Conserved complexity

What if there was a measure of complexity that was conserved over optimal solutions to the same problem? I am imagining that there is a fundamental complexity to a problem (such as sorting), and the set of optimal solutions lie in a set that conserves the underlying complexity.

Optimal solutions must reflect this complexity if they hope to solve the problem efficiently. But since the complexity is conserved, solutions can trade energy for time for memory useage for latency for parallelism for …

Given a measure of complexity, $\mathcal C$, I want it to satisfy:

But the lower bound is defined according to $\mathcal C$, this seems like a trivial definition?!

Property 1: the complexity of all ‘optimal’ algorithms within the lower bound are equivalent.

Given a problem (such a 3-SAT), one can imagine many different algorithms that may give a solution. Some might be fast, some might be accurate, some might use a lot of memory…

Each of these algorithms must lie on or behind some lower-bound of complexity.

Let $S$ be the set of all solutions in the lower-bound, $S = \{s : \mathcal C(s) = \mathop{min}_S \mathcal C(s)\}$

The main intuition behind this equivalence set is that you can trade memory for time, or parallelism for energy, or … but underneath there is still the same fundamental problem you need to solve.

Can this equivalence set be generalised to approximate algorithms, trading data efficiency for accuracy?

Via some sort of duality?

Property 2: The measure of complexity for a problem and an optimal solution is the same.

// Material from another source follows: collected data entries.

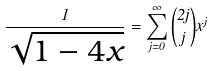<formula> <loc_0><loc_0><loc_500><loc_500>\frac { 1 } { \sqrt { 1 - 4 x } } = \sum _ { j = 0 } ^ { \infty } \binom { 2 j } { j } x ^ { j }</formula> 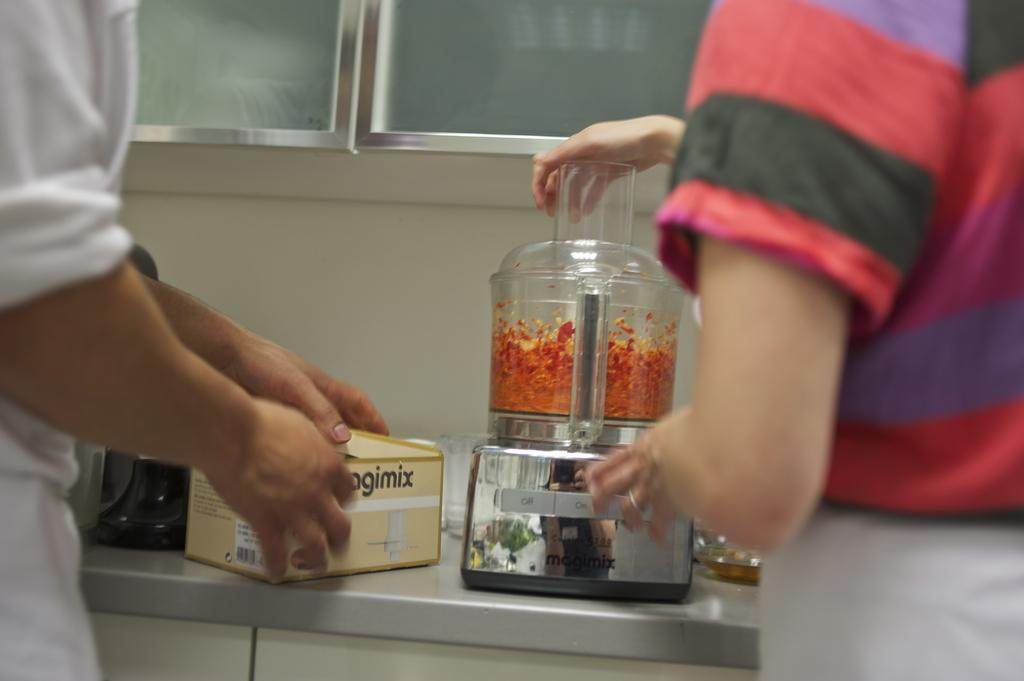Provide a one-sentence caption for the provided image. Two people stand at a counter, one is using a food processor while the other has the box with the partial word "agimix" seen on it. 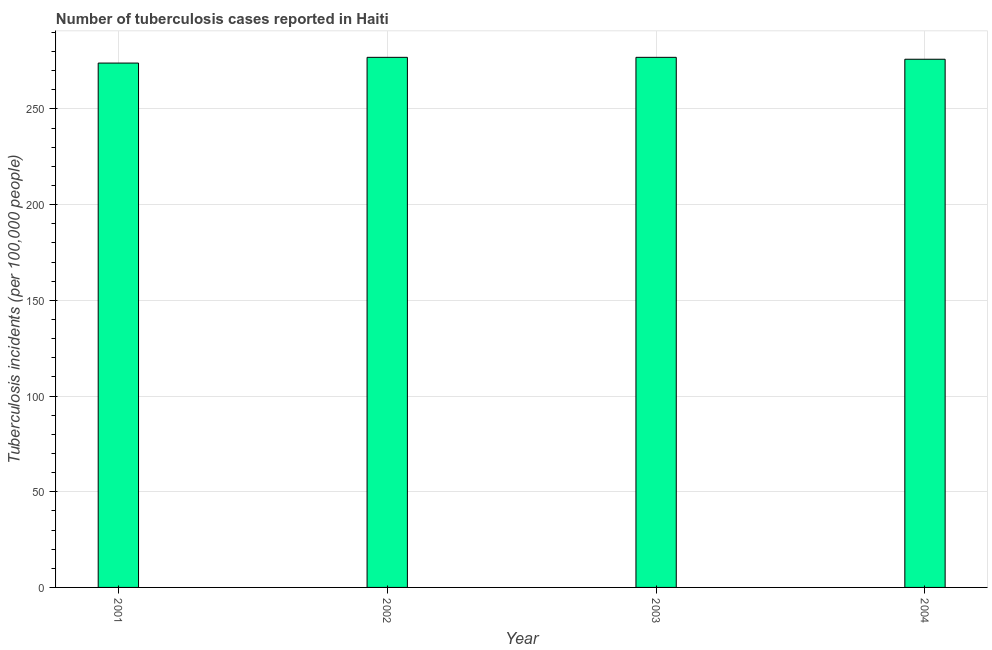What is the title of the graph?
Give a very brief answer. Number of tuberculosis cases reported in Haiti. What is the label or title of the Y-axis?
Offer a terse response. Tuberculosis incidents (per 100,0 people). What is the number of tuberculosis incidents in 2003?
Keep it short and to the point. 277. Across all years, what is the maximum number of tuberculosis incidents?
Make the answer very short. 277. Across all years, what is the minimum number of tuberculosis incidents?
Provide a short and direct response. 274. In which year was the number of tuberculosis incidents minimum?
Ensure brevity in your answer.  2001. What is the sum of the number of tuberculosis incidents?
Provide a succinct answer. 1104. What is the average number of tuberculosis incidents per year?
Make the answer very short. 276. What is the median number of tuberculosis incidents?
Offer a terse response. 276.5. Is the sum of the number of tuberculosis incidents in 2002 and 2003 greater than the maximum number of tuberculosis incidents across all years?
Ensure brevity in your answer.  Yes. In how many years, is the number of tuberculosis incidents greater than the average number of tuberculosis incidents taken over all years?
Ensure brevity in your answer.  2. What is the difference between two consecutive major ticks on the Y-axis?
Give a very brief answer. 50. What is the Tuberculosis incidents (per 100,000 people) of 2001?
Offer a terse response. 274. What is the Tuberculosis incidents (per 100,000 people) in 2002?
Your answer should be compact. 277. What is the Tuberculosis incidents (per 100,000 people) in 2003?
Provide a succinct answer. 277. What is the Tuberculosis incidents (per 100,000 people) of 2004?
Your answer should be very brief. 276. What is the difference between the Tuberculosis incidents (per 100,000 people) in 2001 and 2003?
Offer a terse response. -3. What is the difference between the Tuberculosis incidents (per 100,000 people) in 2001 and 2004?
Make the answer very short. -2. What is the difference between the Tuberculosis incidents (per 100,000 people) in 2002 and 2004?
Give a very brief answer. 1. What is the ratio of the Tuberculosis incidents (per 100,000 people) in 2002 to that in 2003?
Your response must be concise. 1. What is the ratio of the Tuberculosis incidents (per 100,000 people) in 2002 to that in 2004?
Provide a succinct answer. 1. What is the ratio of the Tuberculosis incidents (per 100,000 people) in 2003 to that in 2004?
Keep it short and to the point. 1. 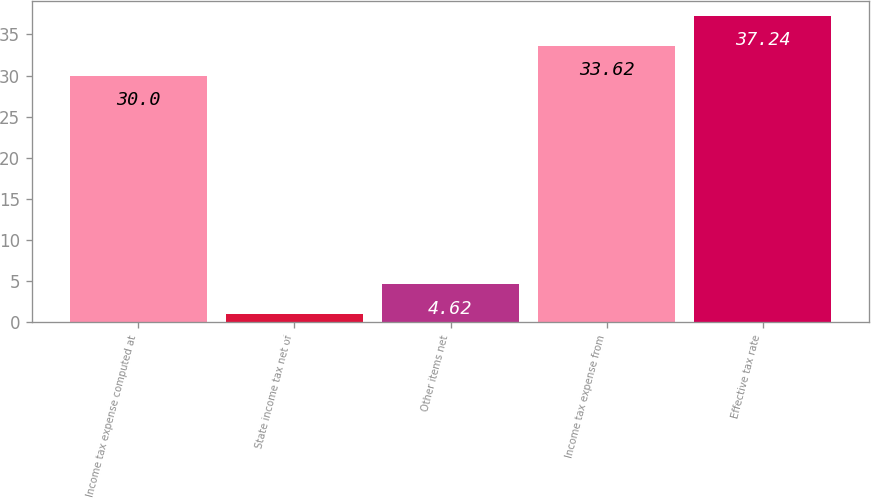Convert chart to OTSL. <chart><loc_0><loc_0><loc_500><loc_500><bar_chart><fcel>Income tax expense computed at<fcel>State income tax net of<fcel>Other items net<fcel>Income tax expense from<fcel>Effective tax rate<nl><fcel>30<fcel>1<fcel>4.62<fcel>33.62<fcel>37.24<nl></chart> 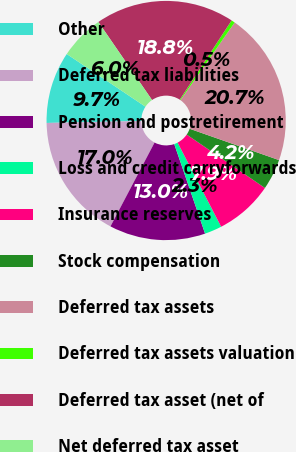Convert chart. <chart><loc_0><loc_0><loc_500><loc_500><pie_chart><fcel>Other<fcel>Deferred tax liabilities<fcel>Pension and postretirement<fcel>Loss and credit carryforwards<fcel>Insurance reserves<fcel>Stock compensation<fcel>Deferred tax assets<fcel>Deferred tax assets valuation<fcel>Deferred tax asset (net of<fcel>Net deferred tax asset<nl><fcel>9.71%<fcel>16.97%<fcel>12.98%<fcel>2.33%<fcel>7.86%<fcel>4.17%<fcel>20.66%<fcel>0.49%<fcel>18.81%<fcel>6.02%<nl></chart> 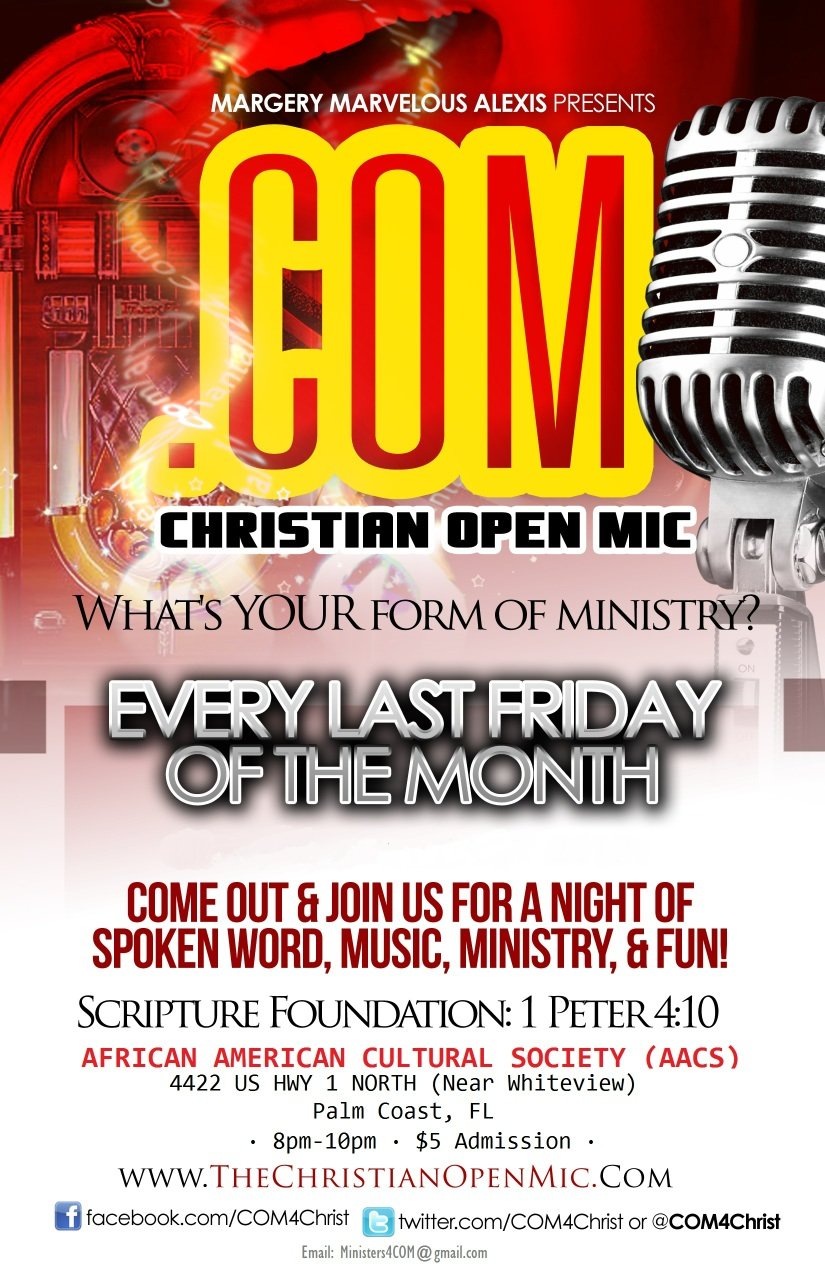Can you describe the cultural significance of the African American Cultural Society? The African American Cultural Society (AACS) in Palm Coast, Florida, holds great cultural significance. It serves as a beacon of African American heritage, promoting the rich history and contributions of African Americans to the wider community. This venue is integral to fostering cultural awareness, education, and unity. Through its various programs and events, the AACS offers an invaluable platform for cultural expression and community engagement.

$s \in S, p \in P, \mathcal C(s) = \mathcal C(p)$.

The intuition is that the problem itself is where the complexity comes from, and is independent of the solution.

Is it possible to calculate C(p) without considering any solutions?

Property 3: This measure of complexity is proportional to the entropy produced by the implemented algorithm.

Is that structure already captured by entropy?

The intuition is that algorithms require energy to be run, and this costs us information. More ‘complex’ problems will require more information to be destroyed than others.

Entropy is (/can be viewed as) a measure of the distribution of energy. This measure of complexity should also capture the structure (symmetries, ???) within that energy.

Could this could give us a lower bound on the information that must be consumed to solve our problem?
What about the information required to find/construct an element of $P$ or $S$?